Seandainya kita bisa menanyakan kepada anak balita kita mengenai teman yang menyenangkan seperti apa, tentunya mereka belum dapat memberikan jawaban yang mengarahkan orang tua untuk segera tahu apa yang harus dilakukannya. Biasanya yang kita hadapi adalah ajakan untuk bermain, rengekan untuk meminta dibantu, atau tangisan karena merasakan pengalaman yang menyedihkan.

Karena kemampuannya yang masih berkembang, maka hal tersebut yang akan ditunjukkannya. Sehingga tentunya orang tua perlu tahu karakteristik anak usia balita, apa yang dipikirkannya, apa yang disukai dan bagaimana ia merasakan dunianya. Bisa dikatakan bermain merupakan cara anak memahami lingkungannya. Sehingga bisa dibilang selain aktivitas kebersihan, istirahat dan makan, aktivitas anak adalah bermain. Sifat permainan anak usia balita, selain masih diwarnai banyak gerakan adalah yang berhubungan dengan perkembangan kemampuan berpikirnya, yaitu kemampuan balita yang sudah mampu mengingat dan membayangkan. Kegiatan bermain menjadi lebih seru lagi. Bantal bisa menjadi kuda, sumpit bisa menjadi tongkat sihir, dan tasbih bisa menjadi mahkota raja.

Salah satu yang berkembang di usia balita adalah eksplorasinya melalui bermain peran.
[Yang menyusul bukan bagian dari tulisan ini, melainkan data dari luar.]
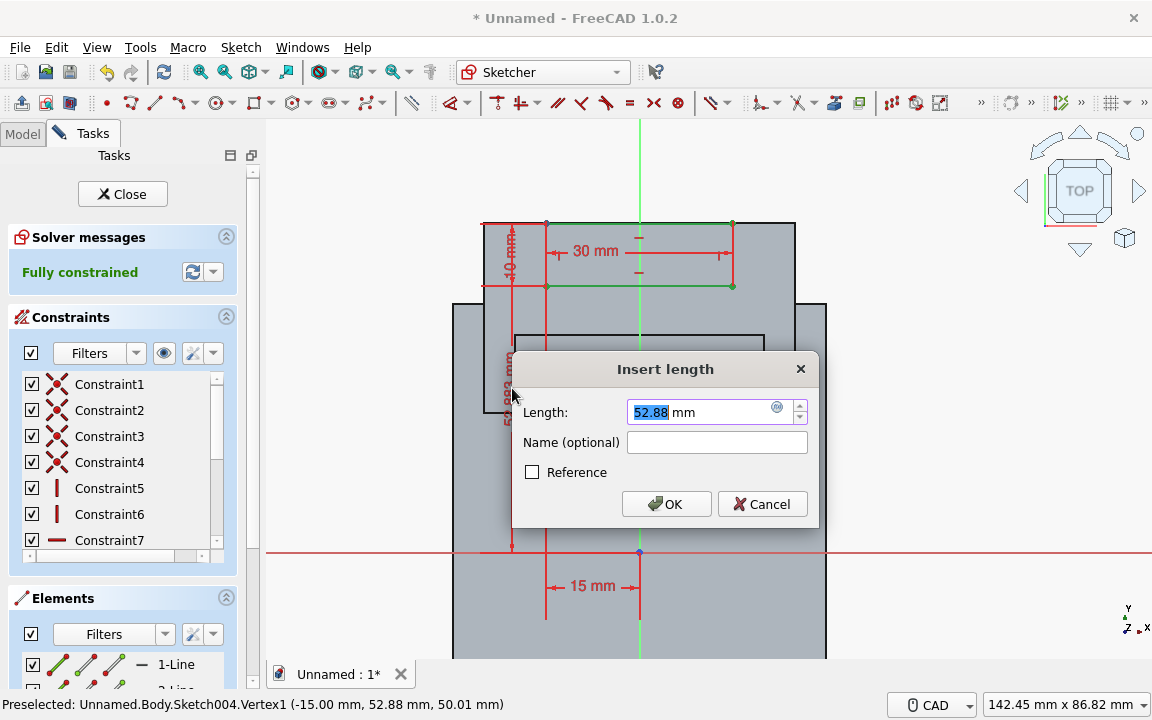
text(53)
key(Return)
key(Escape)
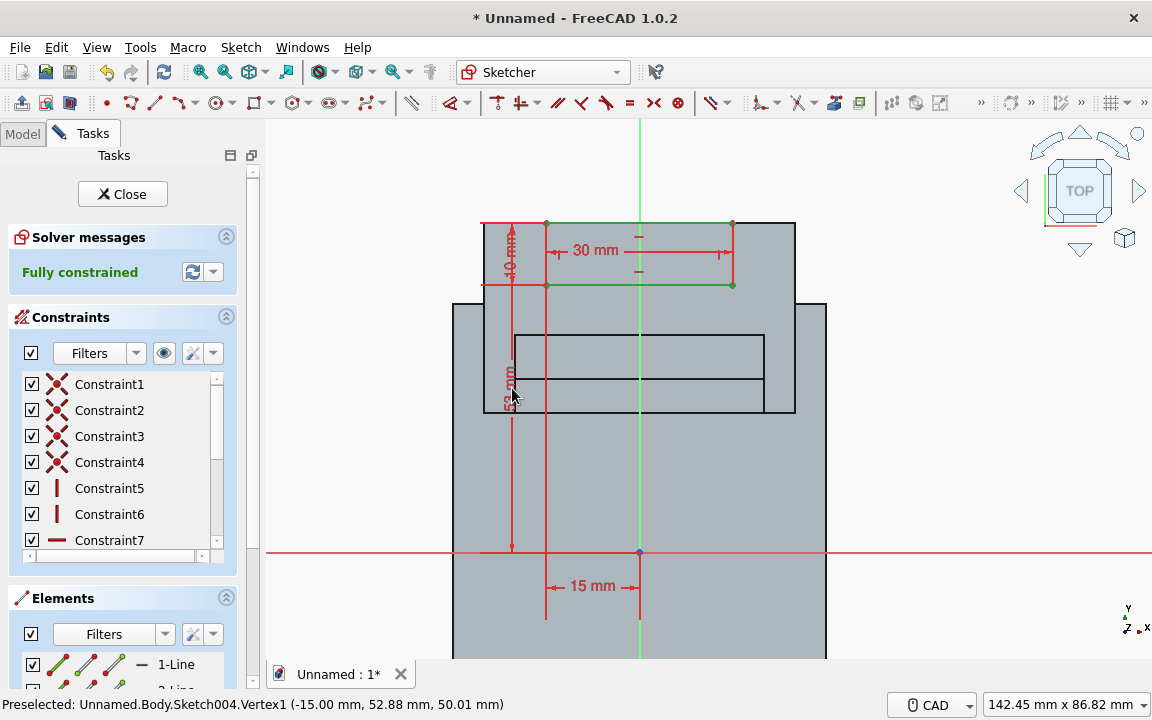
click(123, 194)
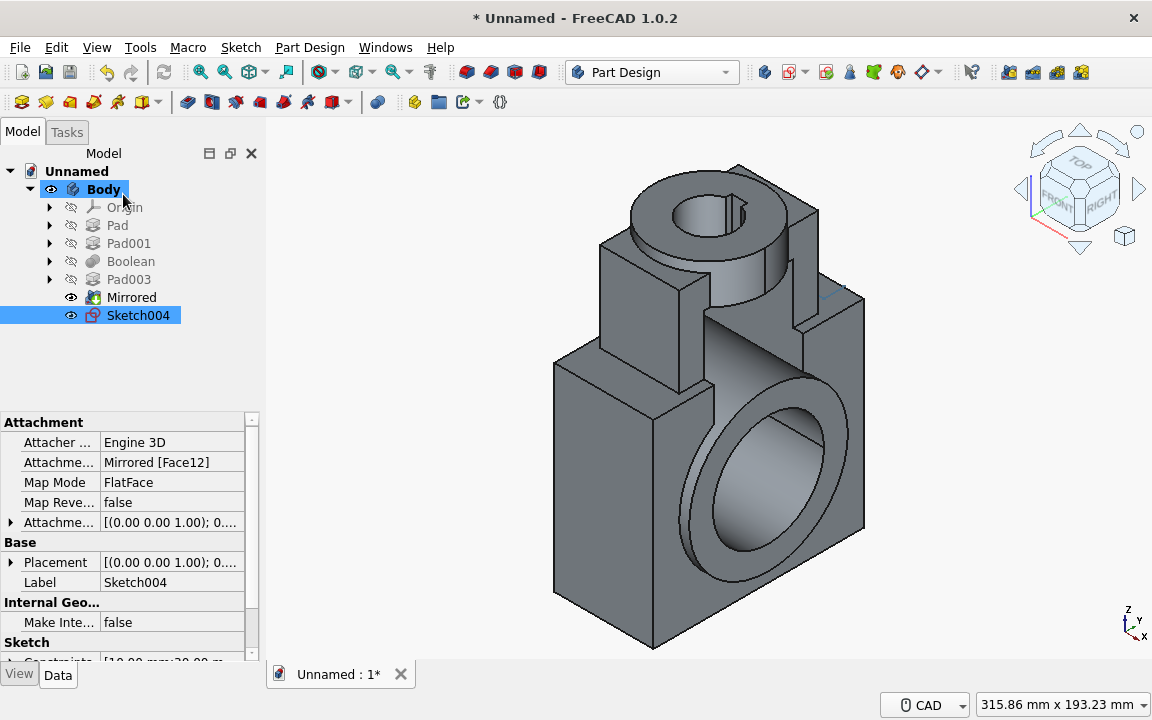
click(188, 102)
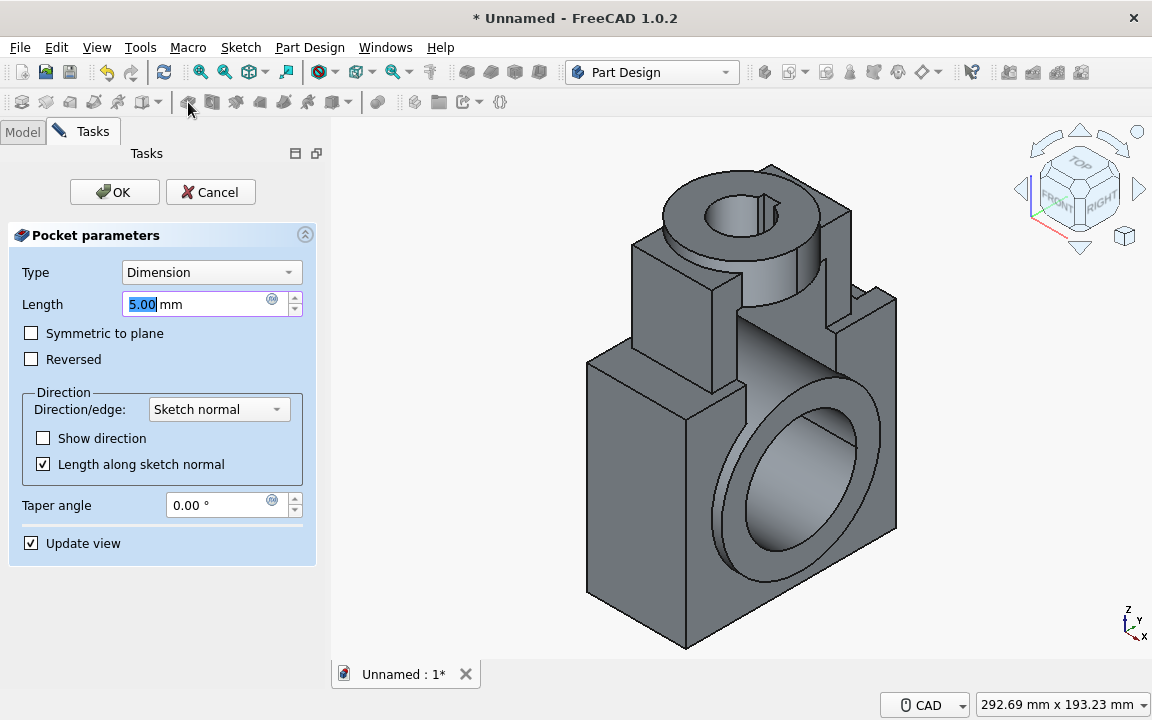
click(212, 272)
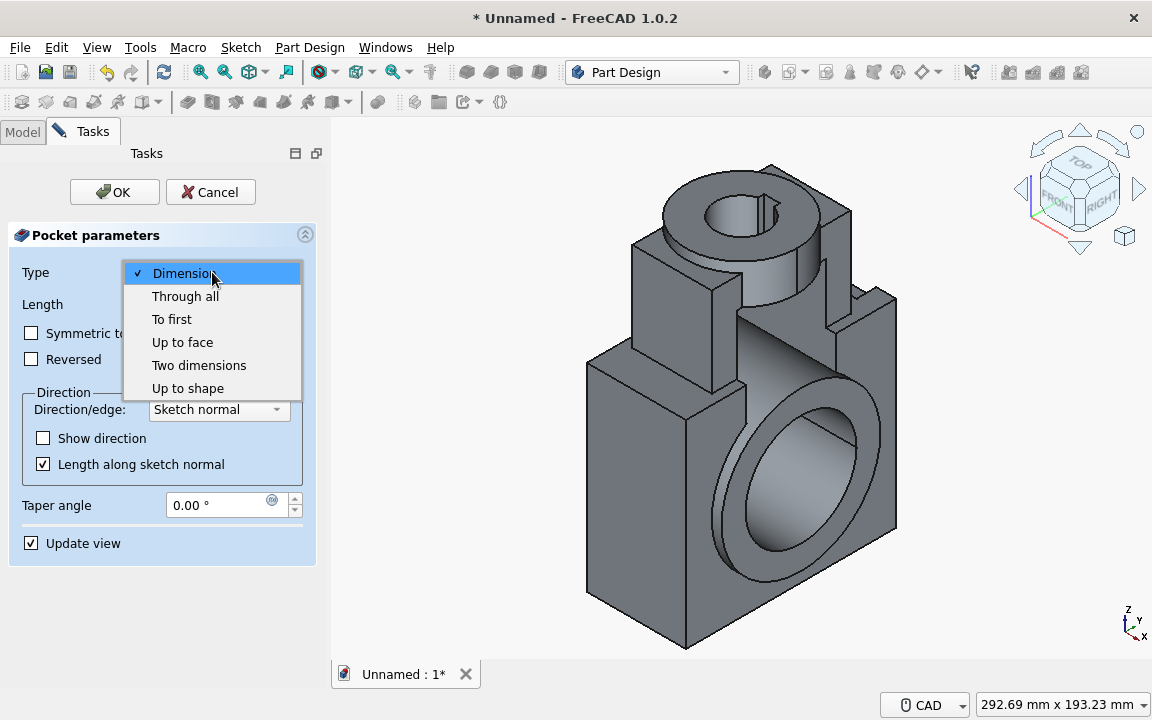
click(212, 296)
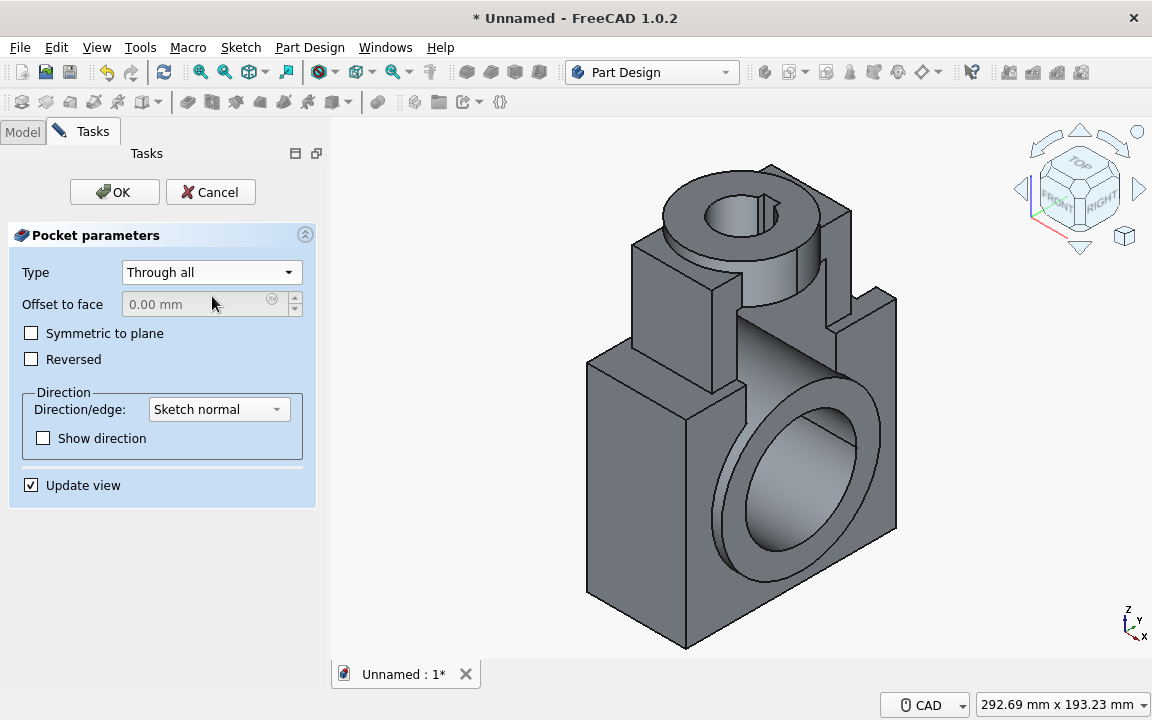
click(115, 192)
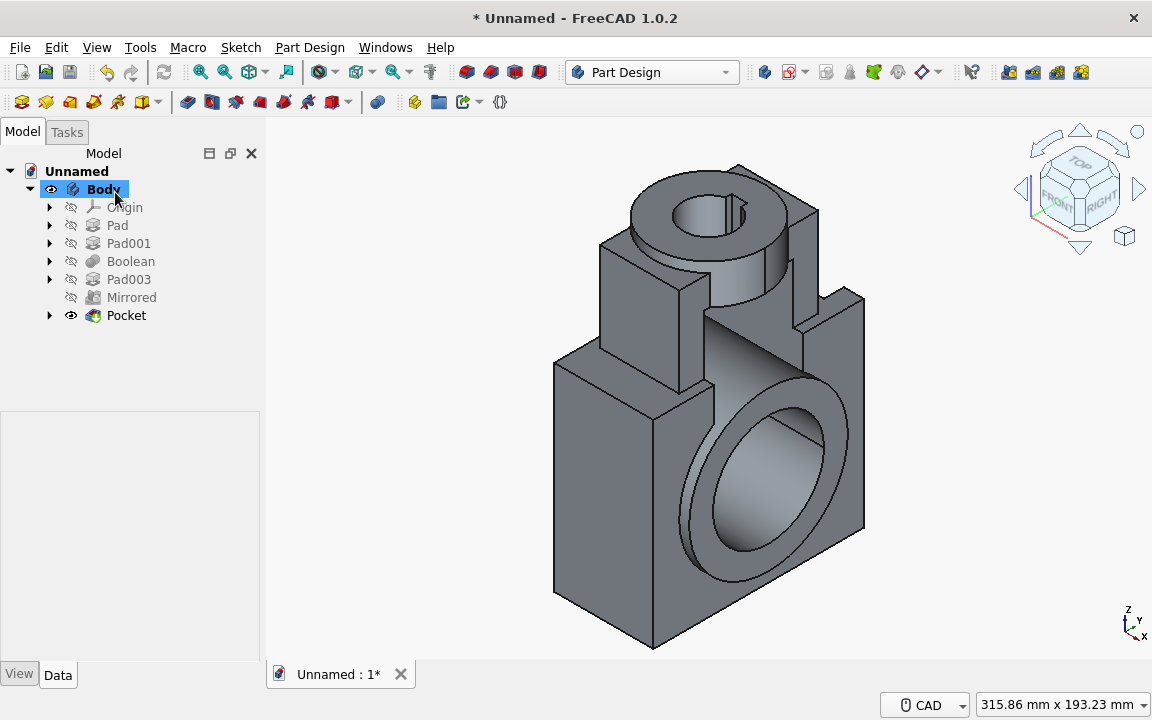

Lewat media bermain ini, anak mempelajari benda-benda yang ada di sekitarnya dengan lebih bebas karena ia yang menjadi sutradaranya. Selain itu bermain peran memuaskan rasa ingin tahunya. Pada situasi nyata, ia melihat ada pemadam kebakaran yang dinilai keren dan seperti superhero. Ia ingin menjadi seperti petugas pemadam kebakaran dan hal tersebut dapat ia lakukan dalam bermain peran. Hal ini seperti juga biasanya dilakukan anak perempuan yang ingin menjadi putri atau peri. Selain itu, hal ini menjadi asik bagi balita karena didukung kemampuannya memahami simbol atau berpikir dengan simbol. Bentuk simbol salah satunya adalah bahasa. Dengan bahasa, objek dan situasi dapat digabung-gabungkan, misalnya roket terbang atau nenek sihir naik sapu terbang.

Di bawah usia 2 tahun, anak masih memerlukan hubungan kongkrit dengan benda sesungguhnya misalnya seperti bermain menelepon papa menggunakan telepon mainan. Memasuki usia 3 tahun, kemampuan membayangkan menjadi lebih fleksibel. Ia sudah mampu membayangkan balok-balok yang dibariskan menjadi serangkaian kereta api.

Anak-anak yang bermain peran apalagi dengan teman atau orang tua dibandingkan dengan anak yang bermain sendiri misalnya saat menggambar atau menyusun puzzle memiliki keterampilan sosial yang lebih baik. Selain itu penelitian menyatakan bahwa bermain peran mengembangkan kemampuan atensi, ingatan yang kuat, berpikir logis, bahasa dan baca tulis, imajinasi, kreativitas, kemampuan merefkleksikan pikirannya sehingga dapat lebih paham, mengendalikan tindakan, dan memahami cara pandang orang lain (Bergen & Mauer, 2000; Berk, 2006, Elias & Berk, 2002)

Hal ini tentunya tidak berarti bermain sendiri tidak bermanfaat. Tentu ada manfaatnya, namun dengan kemampuan anak yang masih terbatas, bermain, selain bermain peranpun akan semakin bermanfaat dengan diberikan arahan dari orang tua atau orang dewasa lainnya.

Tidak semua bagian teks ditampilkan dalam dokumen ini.